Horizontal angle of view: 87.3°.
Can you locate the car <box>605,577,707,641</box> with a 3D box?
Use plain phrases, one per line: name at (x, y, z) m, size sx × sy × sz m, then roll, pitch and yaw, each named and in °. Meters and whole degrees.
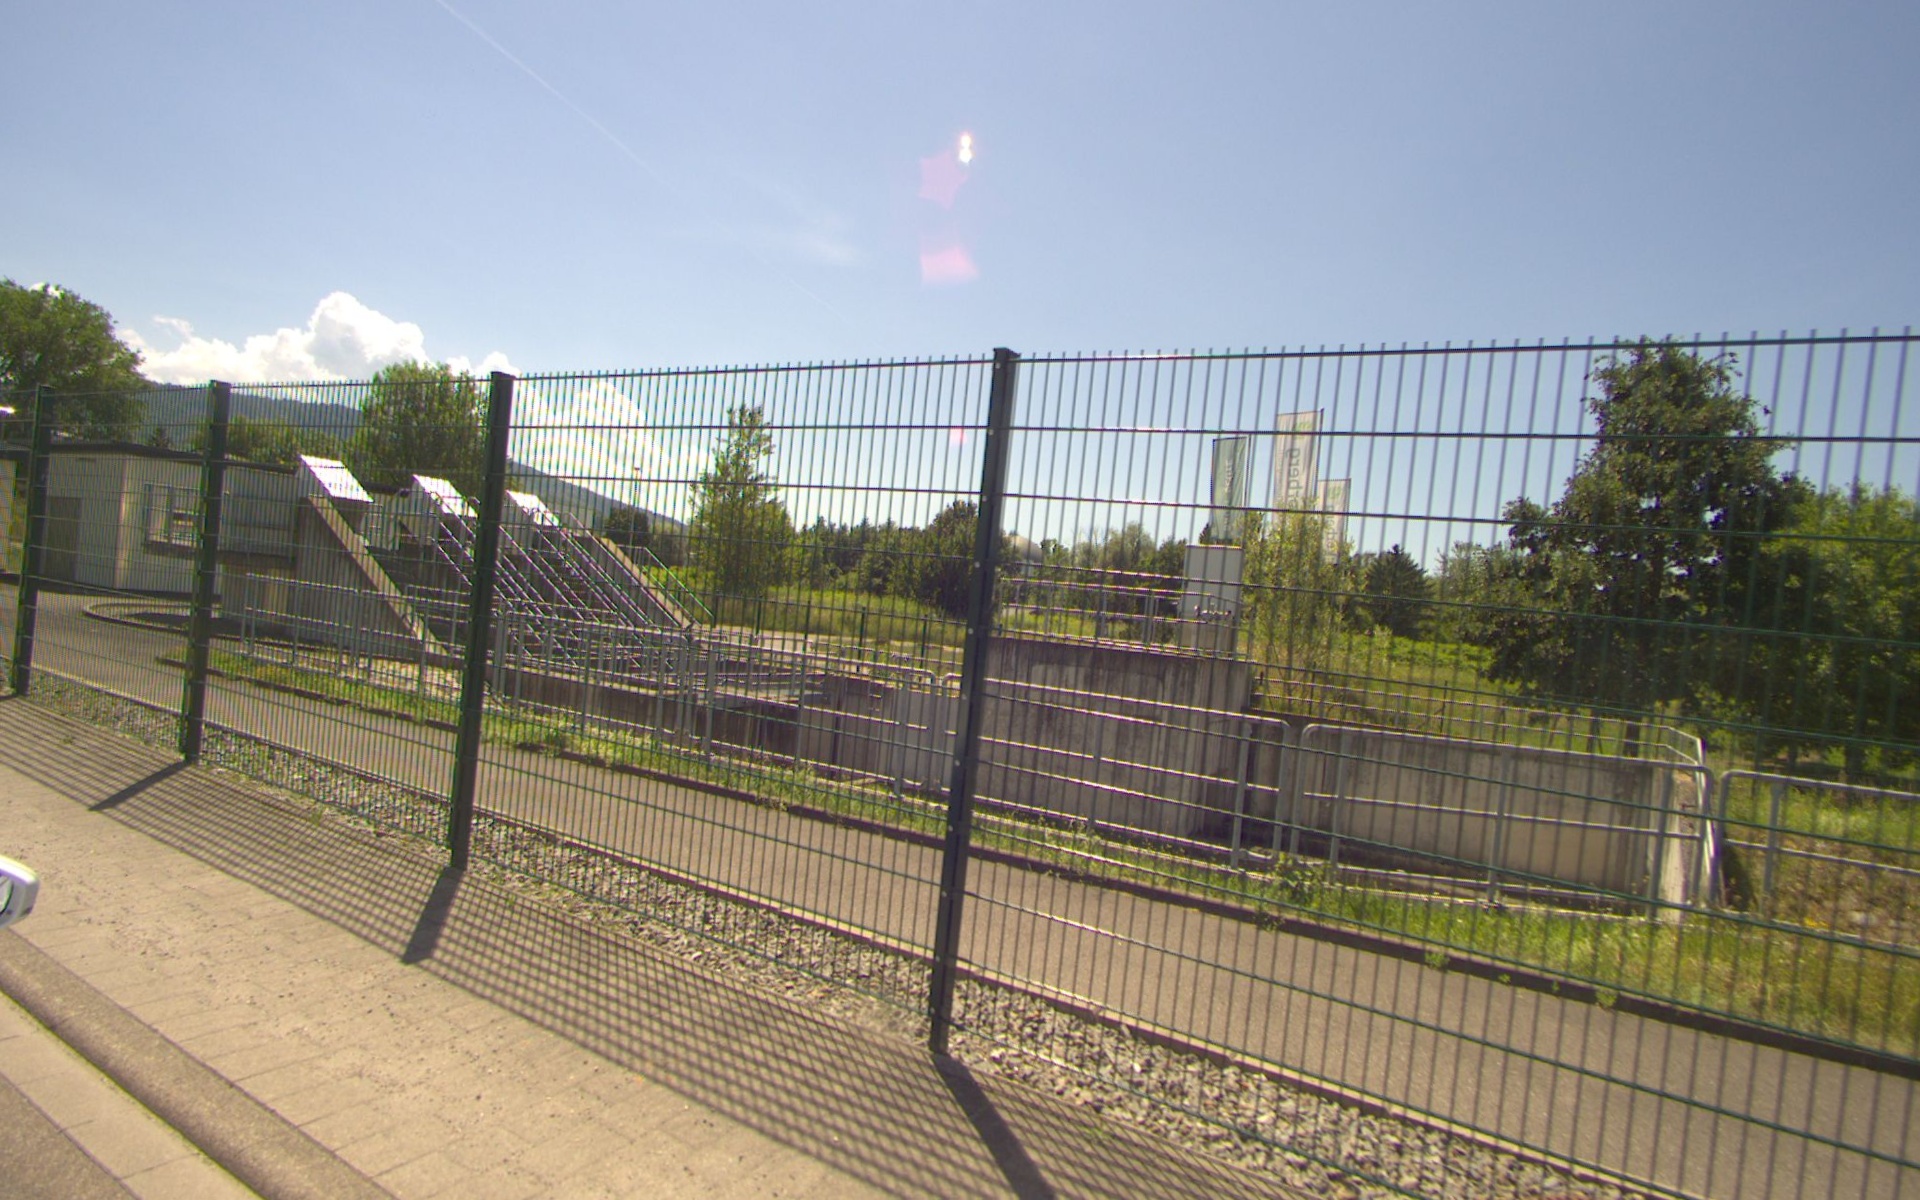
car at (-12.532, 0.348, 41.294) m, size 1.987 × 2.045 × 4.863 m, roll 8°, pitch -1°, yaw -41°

__TASK GOAL__
The expected answer is the full listing above, transcribed exactly and without pictures.

__REPLY TO THE EXERCISE__
Horizontal angle of view: 87.3°.
Can you locate the car <box>605,577,707,641</box> with a 3D box?
Use plain phrases, one per line: name at (x, y, z) m, size sx × sy × sz m, then roll, pitch and yaw, each named and in °. Meters and whole degrees.
car at (-12.532, 0.348, 41.294) m, size 1.987 × 2.045 × 4.863 m, roll 8°, pitch -1°, yaw -41°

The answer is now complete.